Exercise =
Look through the data below. Pick out the lines holding the string "objects".

*** Supplied data

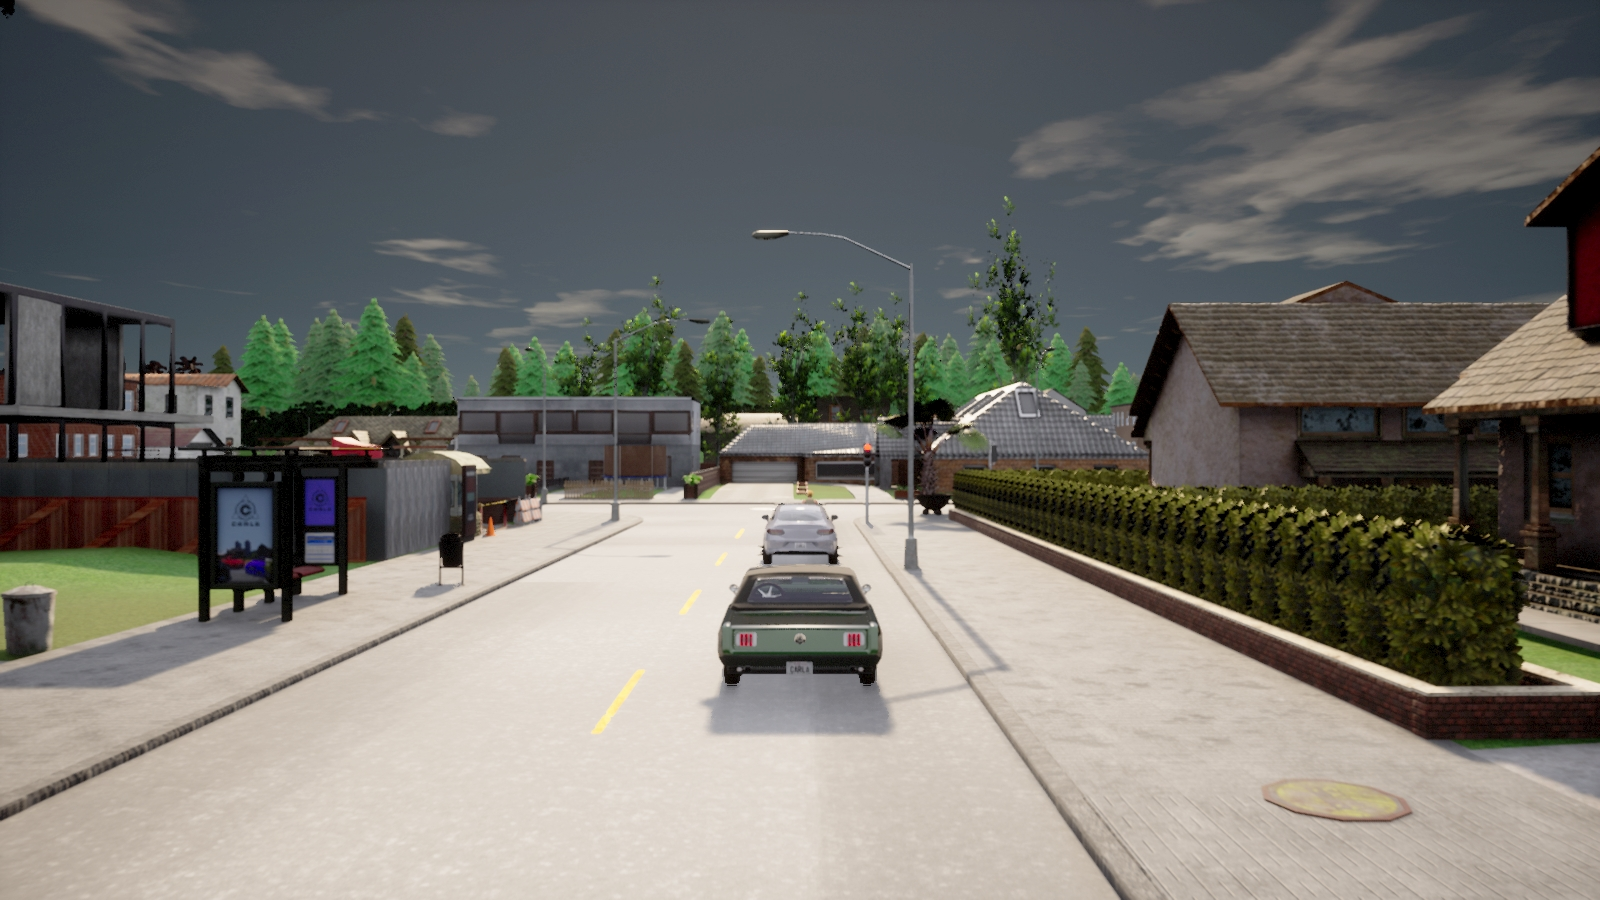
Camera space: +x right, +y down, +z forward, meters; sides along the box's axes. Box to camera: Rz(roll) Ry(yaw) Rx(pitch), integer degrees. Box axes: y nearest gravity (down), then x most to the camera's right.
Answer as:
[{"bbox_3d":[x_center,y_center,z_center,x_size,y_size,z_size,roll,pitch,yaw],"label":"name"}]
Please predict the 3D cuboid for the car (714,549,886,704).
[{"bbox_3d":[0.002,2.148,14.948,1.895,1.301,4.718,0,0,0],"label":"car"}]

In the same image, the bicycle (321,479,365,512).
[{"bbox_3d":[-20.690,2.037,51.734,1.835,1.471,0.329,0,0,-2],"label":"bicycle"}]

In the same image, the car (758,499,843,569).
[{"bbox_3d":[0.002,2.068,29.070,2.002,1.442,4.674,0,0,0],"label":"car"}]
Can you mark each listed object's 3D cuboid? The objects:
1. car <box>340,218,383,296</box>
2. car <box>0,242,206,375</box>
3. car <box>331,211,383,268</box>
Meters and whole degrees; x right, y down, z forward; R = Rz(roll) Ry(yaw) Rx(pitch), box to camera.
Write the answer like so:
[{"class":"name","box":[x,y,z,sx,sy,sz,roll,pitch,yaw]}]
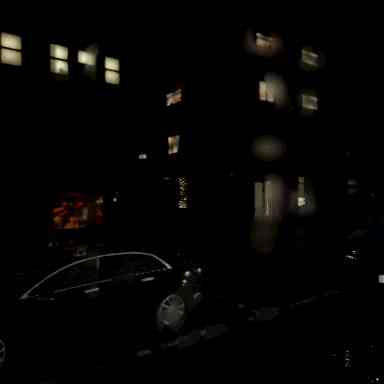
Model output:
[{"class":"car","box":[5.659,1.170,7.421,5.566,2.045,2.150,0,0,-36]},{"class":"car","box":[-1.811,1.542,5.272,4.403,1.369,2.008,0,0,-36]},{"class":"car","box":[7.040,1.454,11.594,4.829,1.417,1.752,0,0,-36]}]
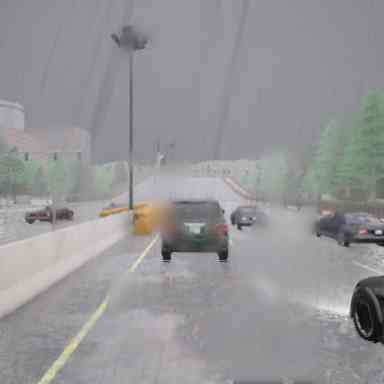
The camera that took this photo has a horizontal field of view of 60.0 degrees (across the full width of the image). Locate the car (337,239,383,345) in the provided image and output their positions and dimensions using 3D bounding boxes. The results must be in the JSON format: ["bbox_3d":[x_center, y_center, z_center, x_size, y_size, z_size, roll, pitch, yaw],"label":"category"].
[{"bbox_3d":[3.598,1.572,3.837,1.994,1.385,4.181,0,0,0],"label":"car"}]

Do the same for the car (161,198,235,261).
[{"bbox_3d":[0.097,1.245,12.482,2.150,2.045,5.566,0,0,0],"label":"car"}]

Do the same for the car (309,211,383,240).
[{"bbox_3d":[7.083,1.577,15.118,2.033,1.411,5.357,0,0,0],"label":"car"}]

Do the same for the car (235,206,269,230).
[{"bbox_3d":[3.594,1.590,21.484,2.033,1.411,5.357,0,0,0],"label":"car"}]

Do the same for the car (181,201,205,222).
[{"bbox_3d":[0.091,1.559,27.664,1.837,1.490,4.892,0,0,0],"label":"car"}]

******
*** Supplied data

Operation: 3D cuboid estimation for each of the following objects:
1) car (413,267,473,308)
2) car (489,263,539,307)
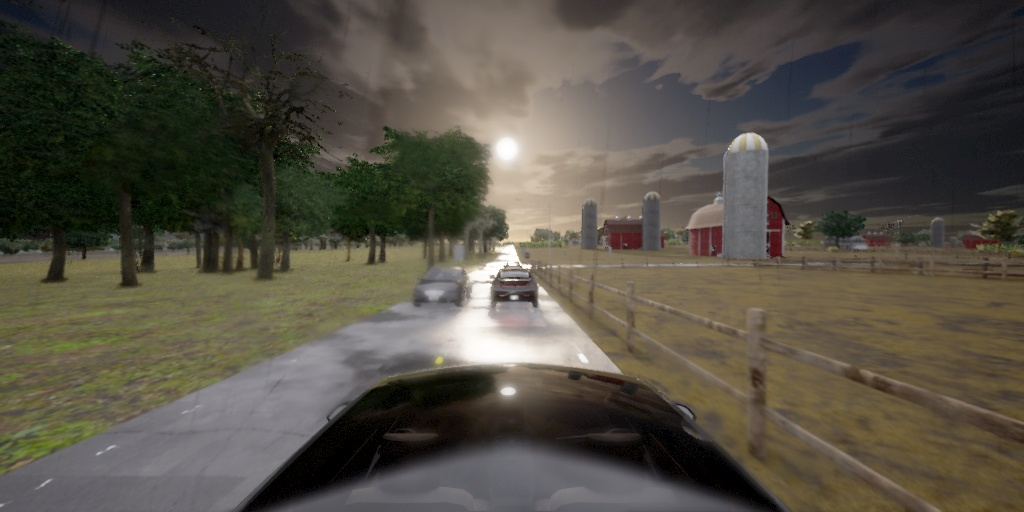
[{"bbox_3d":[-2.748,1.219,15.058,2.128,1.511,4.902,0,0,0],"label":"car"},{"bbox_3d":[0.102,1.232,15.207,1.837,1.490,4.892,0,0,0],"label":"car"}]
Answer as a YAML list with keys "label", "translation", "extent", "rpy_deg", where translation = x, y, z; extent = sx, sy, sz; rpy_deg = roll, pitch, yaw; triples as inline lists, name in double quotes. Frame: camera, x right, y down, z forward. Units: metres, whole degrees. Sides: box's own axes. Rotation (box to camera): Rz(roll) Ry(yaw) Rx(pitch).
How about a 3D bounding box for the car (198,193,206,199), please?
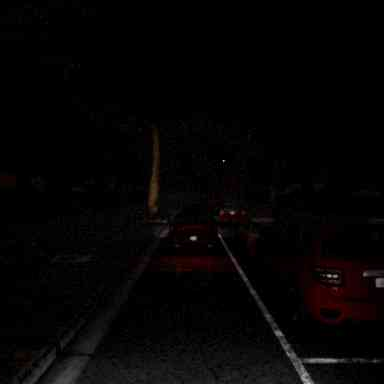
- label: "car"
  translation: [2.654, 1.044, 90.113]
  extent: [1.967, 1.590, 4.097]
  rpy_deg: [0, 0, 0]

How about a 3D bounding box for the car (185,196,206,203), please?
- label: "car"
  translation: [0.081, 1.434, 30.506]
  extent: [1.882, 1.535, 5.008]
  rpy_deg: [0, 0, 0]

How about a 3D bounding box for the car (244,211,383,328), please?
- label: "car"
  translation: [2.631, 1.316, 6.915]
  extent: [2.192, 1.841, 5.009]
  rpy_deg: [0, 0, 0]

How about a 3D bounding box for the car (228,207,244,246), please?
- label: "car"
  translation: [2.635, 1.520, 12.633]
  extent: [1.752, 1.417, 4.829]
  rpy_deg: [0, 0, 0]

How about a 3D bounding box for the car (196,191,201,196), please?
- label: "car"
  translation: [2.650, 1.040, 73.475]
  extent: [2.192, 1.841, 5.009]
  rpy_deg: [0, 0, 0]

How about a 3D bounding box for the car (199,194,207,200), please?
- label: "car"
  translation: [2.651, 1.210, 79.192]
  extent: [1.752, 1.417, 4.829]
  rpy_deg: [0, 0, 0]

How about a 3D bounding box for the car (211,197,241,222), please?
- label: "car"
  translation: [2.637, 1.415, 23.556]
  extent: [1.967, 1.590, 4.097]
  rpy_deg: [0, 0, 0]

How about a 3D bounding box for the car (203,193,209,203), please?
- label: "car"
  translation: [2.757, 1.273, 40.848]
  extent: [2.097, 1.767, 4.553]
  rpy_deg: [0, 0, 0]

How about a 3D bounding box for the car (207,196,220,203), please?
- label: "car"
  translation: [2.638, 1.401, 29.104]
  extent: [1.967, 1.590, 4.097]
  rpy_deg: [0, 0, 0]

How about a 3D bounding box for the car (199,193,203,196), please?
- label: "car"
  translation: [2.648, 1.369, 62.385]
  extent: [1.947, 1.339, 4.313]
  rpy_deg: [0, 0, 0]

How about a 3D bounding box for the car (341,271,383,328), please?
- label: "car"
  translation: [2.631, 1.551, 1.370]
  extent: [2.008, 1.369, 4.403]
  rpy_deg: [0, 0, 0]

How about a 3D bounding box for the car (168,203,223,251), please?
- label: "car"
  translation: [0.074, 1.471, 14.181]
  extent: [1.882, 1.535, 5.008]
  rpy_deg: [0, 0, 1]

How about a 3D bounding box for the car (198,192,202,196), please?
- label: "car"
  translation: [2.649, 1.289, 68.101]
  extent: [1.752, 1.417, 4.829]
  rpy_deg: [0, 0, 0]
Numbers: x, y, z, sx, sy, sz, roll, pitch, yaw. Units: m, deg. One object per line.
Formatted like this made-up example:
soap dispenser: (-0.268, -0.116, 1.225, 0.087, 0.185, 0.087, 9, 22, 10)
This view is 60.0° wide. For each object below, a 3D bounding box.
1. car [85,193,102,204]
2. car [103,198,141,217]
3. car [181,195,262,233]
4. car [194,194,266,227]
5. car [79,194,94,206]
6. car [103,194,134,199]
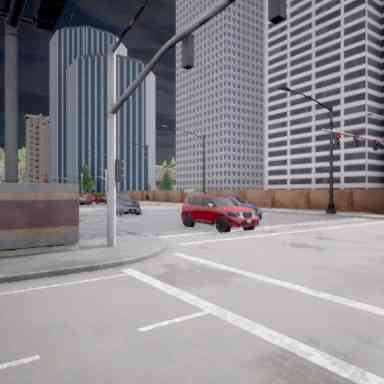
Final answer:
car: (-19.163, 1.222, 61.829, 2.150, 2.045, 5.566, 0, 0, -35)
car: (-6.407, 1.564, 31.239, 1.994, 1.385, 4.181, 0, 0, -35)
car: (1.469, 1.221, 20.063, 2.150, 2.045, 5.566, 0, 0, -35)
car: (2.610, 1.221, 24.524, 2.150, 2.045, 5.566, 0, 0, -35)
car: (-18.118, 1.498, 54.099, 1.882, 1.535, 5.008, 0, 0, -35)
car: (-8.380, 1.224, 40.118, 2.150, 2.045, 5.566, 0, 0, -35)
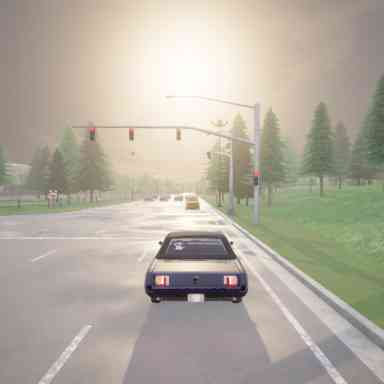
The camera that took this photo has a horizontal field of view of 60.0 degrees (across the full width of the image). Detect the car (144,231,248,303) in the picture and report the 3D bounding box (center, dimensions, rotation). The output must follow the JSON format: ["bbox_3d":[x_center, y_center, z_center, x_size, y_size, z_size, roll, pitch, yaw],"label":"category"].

******

Solution =
Can you mark each listed object's 3D cuboid? The objects:
Operation: 3D cuboid estimation for each of the following objects:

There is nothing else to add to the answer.